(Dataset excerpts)
Start of Block

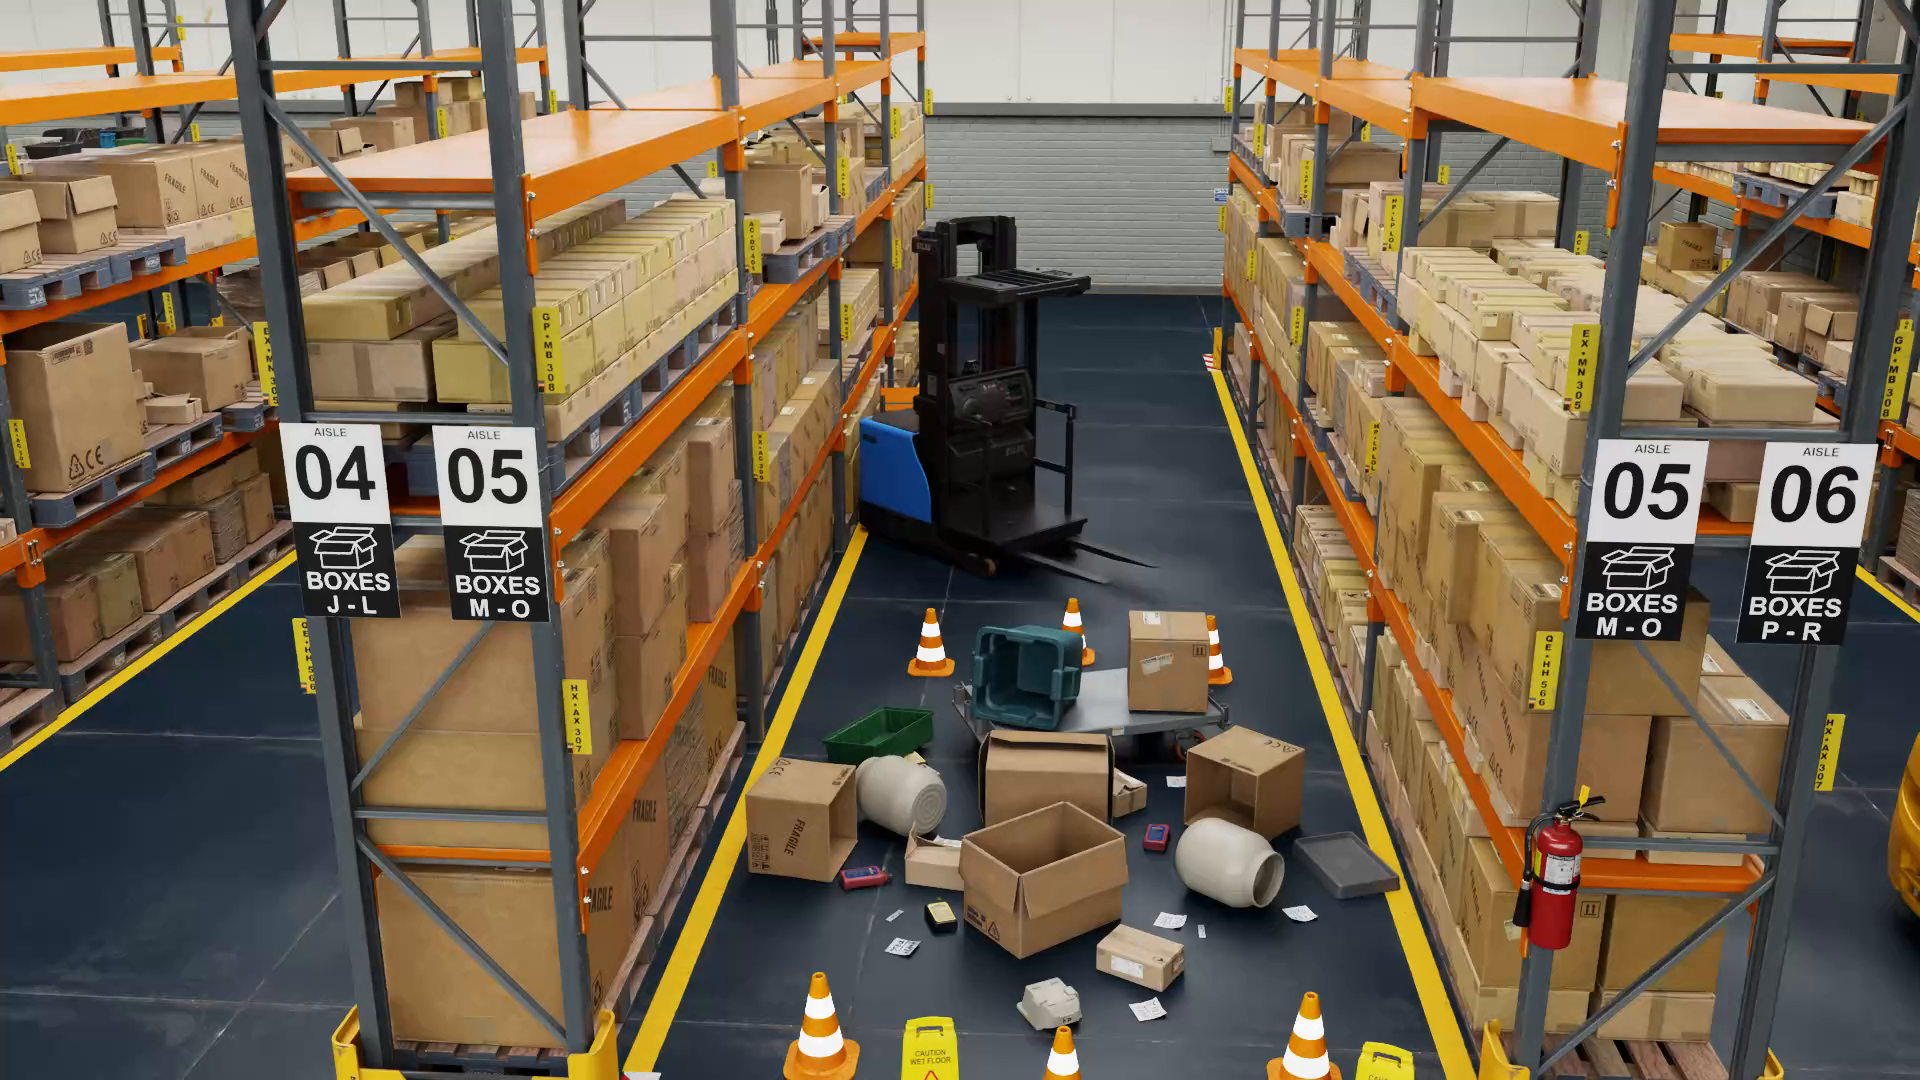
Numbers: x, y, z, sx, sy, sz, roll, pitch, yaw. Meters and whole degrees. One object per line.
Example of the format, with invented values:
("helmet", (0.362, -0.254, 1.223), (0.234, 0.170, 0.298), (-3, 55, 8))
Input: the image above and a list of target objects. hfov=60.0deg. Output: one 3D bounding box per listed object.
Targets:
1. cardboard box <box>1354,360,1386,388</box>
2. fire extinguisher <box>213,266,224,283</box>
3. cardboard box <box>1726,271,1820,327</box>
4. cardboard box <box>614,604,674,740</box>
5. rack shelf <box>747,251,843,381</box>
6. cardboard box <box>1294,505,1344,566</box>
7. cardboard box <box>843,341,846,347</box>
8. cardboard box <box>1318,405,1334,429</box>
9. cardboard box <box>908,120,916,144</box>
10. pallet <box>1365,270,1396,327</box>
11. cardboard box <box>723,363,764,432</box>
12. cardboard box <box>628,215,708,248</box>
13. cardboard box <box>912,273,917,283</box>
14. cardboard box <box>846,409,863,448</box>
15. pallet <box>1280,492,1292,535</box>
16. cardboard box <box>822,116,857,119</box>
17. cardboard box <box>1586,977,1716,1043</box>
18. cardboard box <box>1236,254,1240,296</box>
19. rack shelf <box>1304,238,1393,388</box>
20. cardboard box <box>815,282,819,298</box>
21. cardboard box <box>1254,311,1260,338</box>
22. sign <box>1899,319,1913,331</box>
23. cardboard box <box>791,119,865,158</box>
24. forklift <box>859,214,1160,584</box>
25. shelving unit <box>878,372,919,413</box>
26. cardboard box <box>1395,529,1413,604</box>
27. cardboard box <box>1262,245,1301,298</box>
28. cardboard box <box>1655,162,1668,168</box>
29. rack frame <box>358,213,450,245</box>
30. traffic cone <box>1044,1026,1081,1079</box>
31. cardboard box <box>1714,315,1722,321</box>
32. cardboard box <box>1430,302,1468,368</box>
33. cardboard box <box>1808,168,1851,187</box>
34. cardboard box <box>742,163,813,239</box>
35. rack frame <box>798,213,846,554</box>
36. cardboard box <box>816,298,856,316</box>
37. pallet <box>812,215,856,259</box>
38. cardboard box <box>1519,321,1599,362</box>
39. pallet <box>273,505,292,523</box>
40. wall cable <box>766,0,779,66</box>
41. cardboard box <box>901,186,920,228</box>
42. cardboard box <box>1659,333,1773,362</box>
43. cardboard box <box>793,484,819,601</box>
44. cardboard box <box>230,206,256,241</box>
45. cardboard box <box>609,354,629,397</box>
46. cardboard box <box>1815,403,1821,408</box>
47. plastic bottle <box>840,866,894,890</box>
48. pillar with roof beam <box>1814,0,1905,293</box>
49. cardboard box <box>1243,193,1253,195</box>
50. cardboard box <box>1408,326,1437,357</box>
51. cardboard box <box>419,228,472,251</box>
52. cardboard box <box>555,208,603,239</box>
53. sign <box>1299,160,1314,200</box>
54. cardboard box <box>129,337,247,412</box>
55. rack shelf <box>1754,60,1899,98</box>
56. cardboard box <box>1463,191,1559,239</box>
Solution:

End of Block

> [Task instructions] Please transcribe the entries exactly, omitting the images.

> [Reply to the task]
Numbers: x, y, z, sx, sy, sz, roll, pitch, yaw. Meters and whole degrees. One object per line.
Example of the format, with invented values:
("helmet", (0.362, -0.254, 1.223), (0.234, 0.170, 0.298), (-3, 55, 8))
Input: the image above and a list of target objects. hfov=60.0deg. Output: one 3D bounding box per listed object.
Targets:
1. cardboard box <box>1354,360,1386,388</box>
2. fire extinguisher <box>213,266,224,283</box>
3. cardboard box <box>1726,271,1820,327</box>
4. cardboard box <box>614,604,674,740</box>
5. rack shelf <box>747,251,843,381</box>
6. cardboard box <box>1294,505,1344,566</box>
7. cardboard box <box>843,341,846,347</box>
8. cardboard box <box>1318,405,1334,429</box>
9. cardboard box <box>908,120,916,144</box>
10. pallet <box>1365,270,1396,327</box>
11. cardboard box <box>723,363,764,432</box>
12. cardboard box <box>628,215,708,248</box>
13. cardboard box <box>912,273,917,283</box>
14. cardboard box <box>846,409,863,448</box>
15. pallet <box>1280,492,1292,535</box>
16. cardboard box <box>822,116,857,119</box>
17. cardboard box <box>1586,977,1716,1043</box>
18. cardboard box <box>1236,254,1240,296</box>
19. rack shelf <box>1304,238,1393,388</box>
20. cardboard box <box>815,282,819,298</box>
21. cardboard box <box>1254,311,1260,338</box>
22. sign <box>1899,319,1913,331</box>
23. cardboard box <box>791,119,865,158</box>
24. forklift <box>859,214,1160,584</box>
25. shelving unit <box>878,372,919,413</box>
26. cardboard box <box>1395,529,1413,604</box>
27. cardboard box <box>1262,245,1301,298</box>
28. cardboard box <box>1655,162,1668,168</box>
29. rack frame <box>358,213,450,245</box>
30. traffic cone <box>1044,1026,1081,1079</box>
31. cardboard box <box>1714,315,1722,321</box>
32. cardboard box <box>1430,302,1468,368</box>
33. cardboard box <box>1808,168,1851,187</box>
34. cardboard box <box>742,163,813,239</box>
35. rack frame <box>798,213,846,554</box>
36. cardboard box <box>816,298,856,316</box>
37. pallet <box>812,215,856,259</box>
38. cardboard box <box>1519,321,1599,362</box>
39. pallet <box>273,505,292,523</box>
40. wall cable <box>766,0,779,66</box>
41. cardboard box <box>901,186,920,228</box>
42. cardboard box <box>1659,333,1773,362</box>
43. cardboard box <box>793,484,819,601</box>
44. cardboard box <box>230,206,256,241</box>
45. cardboard box <box>609,354,629,397</box>
46. cardboard box <box>1815,403,1821,408</box>
47. plastic bottle <box>840,866,894,890</box>
48. pillar with roof beam <box>1814,0,1905,293</box>
49. cardboard box <box>1243,193,1253,195</box>
50. cardboard box <box>1408,326,1437,357</box>
51. cardboard box <box>419,228,472,251</box>
52. cardboard box <box>555,208,603,239</box>
53. sign <box>1299,160,1314,200</box>
54. cardboard box <box>129,337,247,412</box>
55. rack shelf <box>1754,60,1899,98</box>
56. cardboard box <box>1463,191,1559,239</box>
Solution:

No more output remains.